First, all possible variables subsets (nodes) are contained in the first column of Table 5, and the number “1” means that the corresponding variable is selected in the node, while “0” means that the variable is deleted. Then we choose the input-oriented CCR model to evaluate the performance of DMUs under the 49 nodes, and our approach can also be employed to improve the discriminatory power of other DEA models. The relevant results are shown in the second column of Table 5, where we can find that different variables subsets have the impact on the DEA efficiencies of DMUs. The second row from bottom line is the result under all variables, and there are 9 efficient DMUs, which means that the discrimination in this situation is very poor. The important degrees of nodes are shown in the last column of Table 5, where we can find that \(W_k\) is influenced by the fluctuation range of efficiencies, such as \(W_1=0.021\) with the fluctuation range of [0.545, 1], and \(W_6=0.018\) with the fluctuation range of [0.156, 1]. Finally, the CESs can be obtained by the weighted sum between \(W_k\) and the CCR efficiencies under the corresponding node, which are shown in the end row of Table 5. It is clear that no efficient DMU is generated by our approach. As shown in the last column of Table 4, rank A and B represent the rank of efficiencies in the second row from bottom line of Table 5 and CESs respectively. Comparing with the ranks, we can find that CESs can give a complete ranking in this case. In particular, the rank of some DMUs may be changed before and after our approach, such as \(\textit{DMU}_{10}\) and \(\textit{DMU}_{16}\). Apparently, our approach can noticeably improve the strength of DEA without losing variables information.

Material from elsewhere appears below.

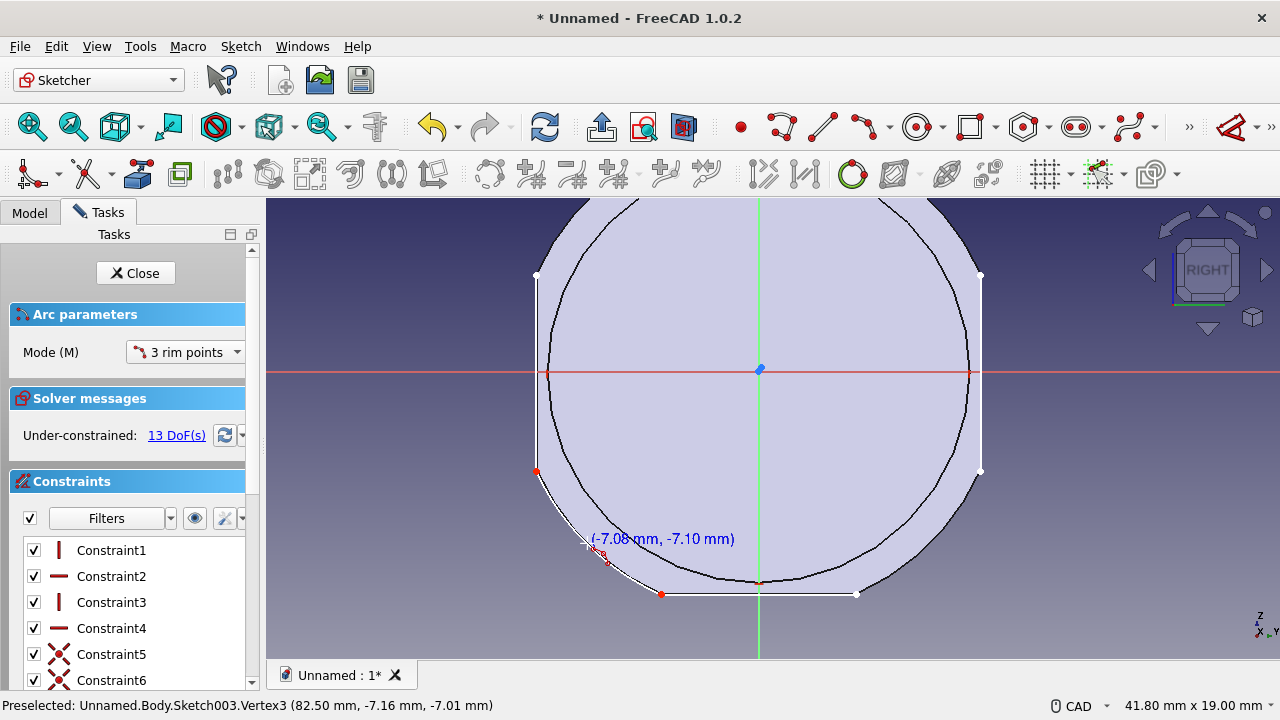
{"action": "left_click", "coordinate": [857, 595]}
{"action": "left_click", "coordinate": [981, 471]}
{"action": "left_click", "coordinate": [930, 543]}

Furthermore, the accelerating procedure is applied to test its performance. The computing tool is Matlab 2010a, and the computing environment is Microsoft Windows XP with Intel Pentium dual CPU (E2200) and 2G RAM. Besides, there are some different approaches for FastDEA to solve a DEA computation with a large number of variables or DMUs under a certain variables set, and in this example there are only 16 DMUs with 6 variables (too many DMUs may decrease the effect of the illustrated example). Moreover, we are mainly to show the performance of parallel computing to accelerate the multi-subsets Renyi’s entropy-DEA approach, therefore, the FastDEA is replaced by the traditional DEA procedure here, and the computing speed is about 10.2 s (about 19.6 s) by using (not using) the accelerating procedure in our computer. It can be predictable that a higher speed would be reached if more cores are used.

4 Conclusions

Prior researches improve the discrimination of DEA by reducing the number of variables with minimizing information reduction. To avoid distorting the evaluation performance results, this paper presents an approach based on Renyi’s entropy to increase the discrimination of DEA without losing variables information and without requiring any additional preferential information or assumption. We first list all possible variables subsets and consider them as the nodes of CART, besides, each DMU is seen as a classification. Then we generate all DEA efficiencies under the nodes to further calculate the PI based on Renyi’s entropy. The important degrees can be obtained by normalizing the PI of each node, and the CES can be generated finally by the weighted sum of the important degrees and the corresponding DEA efficiencies. The process can reflect the whole variables information into the consequences. Moreover, an accelerating procedure is introduced to solve the multi-subsets problem in Renyi’s entropy-DEA approach. The procedure is primarily based on the concept of parallel computing, and can rapidly improve the computing speed. The two examples demonstrate that the proposed approach is valid and reasonable.

The proposed approach can be generally applied to the evaluation performance problem. In the future study, we believe that some technologies of data mining (Fayyad et al. 1996) could be introduced to overcome the drawbacks of DEA.